|
|
 |
"Passato di guerra, presente sindacale"
| Data: 02-12-2000 | | Fonte: "Reporter", "Danas" |
| Autore: Autori vari |
|
NOTIZIE EST #375 - SERBIA/MONTENEGRO
2 dicembre 2000
PASSATO DI GUERRA, PRESENTE SINDACALE
1) ZORAN LILIC: ALL'INIZIO DEL MAGGIO '99 C'ERA UN PIANO PER PORRE TERMINE AI BOMBARDAMENTI NATO
[L'ex presidente jugoslavo Zoran Lilic, fuoriuscito di recente dal Partito Socialista di Milosevic, ha concesso un'intervista al settimanale serbo-bosniaco "Reporter", pubblicata da quest'ultimo nel numero del 22 novembre 2000. Oltre a cercare naturalmente di rinnegare il ruolo non secondario da egli avuto nel precedente regime, Lilic fa alcune affermazioni molto interessanti riguardo alla guerra dell'anno scorso. Riportiamo qui sotto i relativi passi dell'intervista]

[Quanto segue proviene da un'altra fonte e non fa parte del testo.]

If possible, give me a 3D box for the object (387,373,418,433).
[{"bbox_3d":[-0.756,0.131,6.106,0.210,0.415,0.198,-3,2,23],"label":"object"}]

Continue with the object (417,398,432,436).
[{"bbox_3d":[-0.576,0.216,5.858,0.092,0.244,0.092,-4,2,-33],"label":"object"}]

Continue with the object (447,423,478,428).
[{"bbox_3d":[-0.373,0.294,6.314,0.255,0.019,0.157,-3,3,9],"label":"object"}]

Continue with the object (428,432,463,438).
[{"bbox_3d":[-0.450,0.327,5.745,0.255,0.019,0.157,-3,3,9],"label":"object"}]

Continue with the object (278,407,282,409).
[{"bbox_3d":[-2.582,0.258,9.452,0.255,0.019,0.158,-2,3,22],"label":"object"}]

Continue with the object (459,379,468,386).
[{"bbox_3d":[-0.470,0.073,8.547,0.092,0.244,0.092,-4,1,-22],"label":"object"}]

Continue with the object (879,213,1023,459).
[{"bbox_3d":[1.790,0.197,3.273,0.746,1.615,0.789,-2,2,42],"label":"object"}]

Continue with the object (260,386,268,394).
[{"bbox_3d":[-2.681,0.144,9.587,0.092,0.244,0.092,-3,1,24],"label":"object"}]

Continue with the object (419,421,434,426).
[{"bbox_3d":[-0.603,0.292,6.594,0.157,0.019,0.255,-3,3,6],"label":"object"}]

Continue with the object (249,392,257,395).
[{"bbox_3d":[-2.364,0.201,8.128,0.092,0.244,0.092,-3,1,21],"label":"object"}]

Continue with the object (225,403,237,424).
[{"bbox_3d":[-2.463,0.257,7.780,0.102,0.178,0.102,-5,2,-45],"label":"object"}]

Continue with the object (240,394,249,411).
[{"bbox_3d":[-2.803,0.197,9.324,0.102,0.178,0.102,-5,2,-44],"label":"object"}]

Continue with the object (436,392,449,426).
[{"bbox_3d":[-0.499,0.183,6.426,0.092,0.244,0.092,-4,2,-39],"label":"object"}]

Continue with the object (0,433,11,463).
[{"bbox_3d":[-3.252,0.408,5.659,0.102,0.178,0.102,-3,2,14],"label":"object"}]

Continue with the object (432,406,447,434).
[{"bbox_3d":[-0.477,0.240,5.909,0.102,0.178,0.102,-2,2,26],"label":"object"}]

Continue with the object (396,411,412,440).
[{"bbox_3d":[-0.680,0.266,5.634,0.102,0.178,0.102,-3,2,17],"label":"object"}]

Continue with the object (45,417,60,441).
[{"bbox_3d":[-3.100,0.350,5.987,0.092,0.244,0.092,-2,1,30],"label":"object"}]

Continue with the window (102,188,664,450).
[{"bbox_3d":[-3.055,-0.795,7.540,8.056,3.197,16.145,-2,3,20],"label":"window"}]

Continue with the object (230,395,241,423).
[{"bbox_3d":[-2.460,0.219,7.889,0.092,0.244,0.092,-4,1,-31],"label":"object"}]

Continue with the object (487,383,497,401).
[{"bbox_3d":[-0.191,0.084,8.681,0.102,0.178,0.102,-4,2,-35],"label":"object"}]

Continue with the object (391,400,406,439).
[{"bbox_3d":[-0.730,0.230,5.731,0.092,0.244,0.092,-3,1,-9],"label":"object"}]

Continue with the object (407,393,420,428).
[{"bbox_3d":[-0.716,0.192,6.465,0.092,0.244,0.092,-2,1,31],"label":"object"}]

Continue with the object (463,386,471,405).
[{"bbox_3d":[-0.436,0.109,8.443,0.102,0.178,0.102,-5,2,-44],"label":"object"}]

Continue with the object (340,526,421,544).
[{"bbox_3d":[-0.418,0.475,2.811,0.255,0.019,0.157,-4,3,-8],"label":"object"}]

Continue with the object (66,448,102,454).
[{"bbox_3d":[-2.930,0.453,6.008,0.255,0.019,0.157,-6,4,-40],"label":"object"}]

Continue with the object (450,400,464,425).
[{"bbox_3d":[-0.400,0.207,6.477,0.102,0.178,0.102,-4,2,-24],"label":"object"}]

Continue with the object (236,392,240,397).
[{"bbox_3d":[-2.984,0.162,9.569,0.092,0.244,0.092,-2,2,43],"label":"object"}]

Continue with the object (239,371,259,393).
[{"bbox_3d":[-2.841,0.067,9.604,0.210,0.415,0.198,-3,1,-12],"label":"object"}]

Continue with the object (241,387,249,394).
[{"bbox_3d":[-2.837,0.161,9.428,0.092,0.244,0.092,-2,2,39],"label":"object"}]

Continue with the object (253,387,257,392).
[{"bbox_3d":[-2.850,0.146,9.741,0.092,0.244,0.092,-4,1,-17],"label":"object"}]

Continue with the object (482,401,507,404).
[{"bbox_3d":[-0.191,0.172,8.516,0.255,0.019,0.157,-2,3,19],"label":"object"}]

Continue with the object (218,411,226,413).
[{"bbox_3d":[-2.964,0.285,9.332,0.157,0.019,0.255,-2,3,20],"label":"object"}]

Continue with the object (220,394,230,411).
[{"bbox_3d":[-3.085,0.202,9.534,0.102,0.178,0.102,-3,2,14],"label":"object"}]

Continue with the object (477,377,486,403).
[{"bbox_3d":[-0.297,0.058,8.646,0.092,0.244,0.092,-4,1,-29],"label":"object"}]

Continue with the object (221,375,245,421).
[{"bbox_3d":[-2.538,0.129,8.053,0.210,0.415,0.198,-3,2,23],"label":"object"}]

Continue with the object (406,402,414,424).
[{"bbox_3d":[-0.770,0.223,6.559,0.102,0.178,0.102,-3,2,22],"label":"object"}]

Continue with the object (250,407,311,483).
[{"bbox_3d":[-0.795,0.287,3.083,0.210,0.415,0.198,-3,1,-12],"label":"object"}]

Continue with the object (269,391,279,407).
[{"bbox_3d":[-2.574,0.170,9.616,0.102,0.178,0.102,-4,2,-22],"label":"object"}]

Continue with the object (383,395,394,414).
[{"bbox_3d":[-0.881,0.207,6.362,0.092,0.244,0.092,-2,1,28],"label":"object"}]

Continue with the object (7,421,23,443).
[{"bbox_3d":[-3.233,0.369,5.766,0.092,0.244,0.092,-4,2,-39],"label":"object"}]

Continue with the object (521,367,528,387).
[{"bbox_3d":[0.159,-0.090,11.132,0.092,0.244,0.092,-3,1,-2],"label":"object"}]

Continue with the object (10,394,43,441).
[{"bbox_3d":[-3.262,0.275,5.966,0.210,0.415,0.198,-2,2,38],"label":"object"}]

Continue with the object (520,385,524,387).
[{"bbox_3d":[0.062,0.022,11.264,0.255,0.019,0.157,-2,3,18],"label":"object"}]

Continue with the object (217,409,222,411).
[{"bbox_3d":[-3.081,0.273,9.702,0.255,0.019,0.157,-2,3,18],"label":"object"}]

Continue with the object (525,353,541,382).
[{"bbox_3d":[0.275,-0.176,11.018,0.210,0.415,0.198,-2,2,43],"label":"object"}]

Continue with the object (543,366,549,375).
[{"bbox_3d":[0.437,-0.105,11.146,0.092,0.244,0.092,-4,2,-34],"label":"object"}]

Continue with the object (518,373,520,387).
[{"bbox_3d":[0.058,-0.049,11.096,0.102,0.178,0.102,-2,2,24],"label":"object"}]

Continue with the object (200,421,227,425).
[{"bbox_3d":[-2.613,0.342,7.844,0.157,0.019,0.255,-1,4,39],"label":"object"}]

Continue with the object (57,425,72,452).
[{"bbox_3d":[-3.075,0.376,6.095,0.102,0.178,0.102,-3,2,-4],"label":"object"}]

REPORTER: Fonti bene informate affermano che avevate [Zoran Lilic e Jovica Stanisic, presumibilmente, visto che si fa accenno a loro immediatamente prima nel testo originale - N.d.T.] un piano che era stato concordato con circoli influenti della comunità internazionale?

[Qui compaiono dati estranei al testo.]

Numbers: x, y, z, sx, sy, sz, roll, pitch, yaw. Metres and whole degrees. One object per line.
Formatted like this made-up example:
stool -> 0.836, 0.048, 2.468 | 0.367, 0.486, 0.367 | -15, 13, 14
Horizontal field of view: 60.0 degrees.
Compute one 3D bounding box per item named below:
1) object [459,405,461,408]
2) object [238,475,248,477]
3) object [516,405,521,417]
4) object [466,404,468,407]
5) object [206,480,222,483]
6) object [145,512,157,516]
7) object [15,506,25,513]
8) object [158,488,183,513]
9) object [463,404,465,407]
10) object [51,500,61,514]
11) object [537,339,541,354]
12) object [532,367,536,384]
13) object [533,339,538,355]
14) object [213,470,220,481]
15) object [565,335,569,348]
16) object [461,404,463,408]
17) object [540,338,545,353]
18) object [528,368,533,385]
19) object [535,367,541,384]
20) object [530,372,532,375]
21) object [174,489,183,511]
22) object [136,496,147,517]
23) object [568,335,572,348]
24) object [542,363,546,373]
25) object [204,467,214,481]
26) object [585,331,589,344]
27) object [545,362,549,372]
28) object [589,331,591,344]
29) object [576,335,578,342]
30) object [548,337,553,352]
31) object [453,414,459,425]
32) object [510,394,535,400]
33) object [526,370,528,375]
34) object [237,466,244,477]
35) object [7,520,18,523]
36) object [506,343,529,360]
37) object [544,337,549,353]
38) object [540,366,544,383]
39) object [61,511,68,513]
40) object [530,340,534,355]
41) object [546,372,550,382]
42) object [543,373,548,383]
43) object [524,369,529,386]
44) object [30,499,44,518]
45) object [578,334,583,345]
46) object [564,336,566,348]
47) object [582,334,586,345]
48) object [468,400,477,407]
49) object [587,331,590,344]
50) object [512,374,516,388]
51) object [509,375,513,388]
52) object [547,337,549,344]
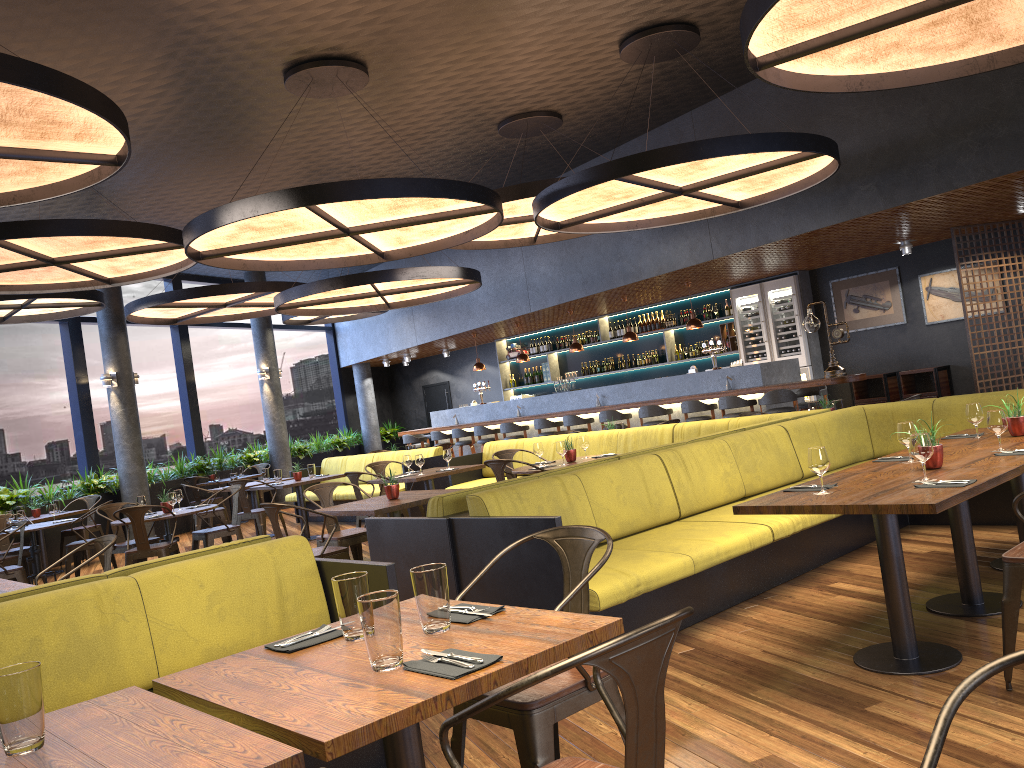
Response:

LILIC: Sì, avevamo un piano concordato, che abbiamo fatto pervenire a Milosevic, e io glielo ho portato personalmente. Era nel momento delle maggiori sofferenze, tra il due e il tre maggio. Il piano prevedeva la cessazione dei bombardamenti entro un termine di 24 ore.
REPORTER: In base a cosa, essenzialmente, il summenzionato piano era migliore del piano Cernomyrdin-Ahtisaari?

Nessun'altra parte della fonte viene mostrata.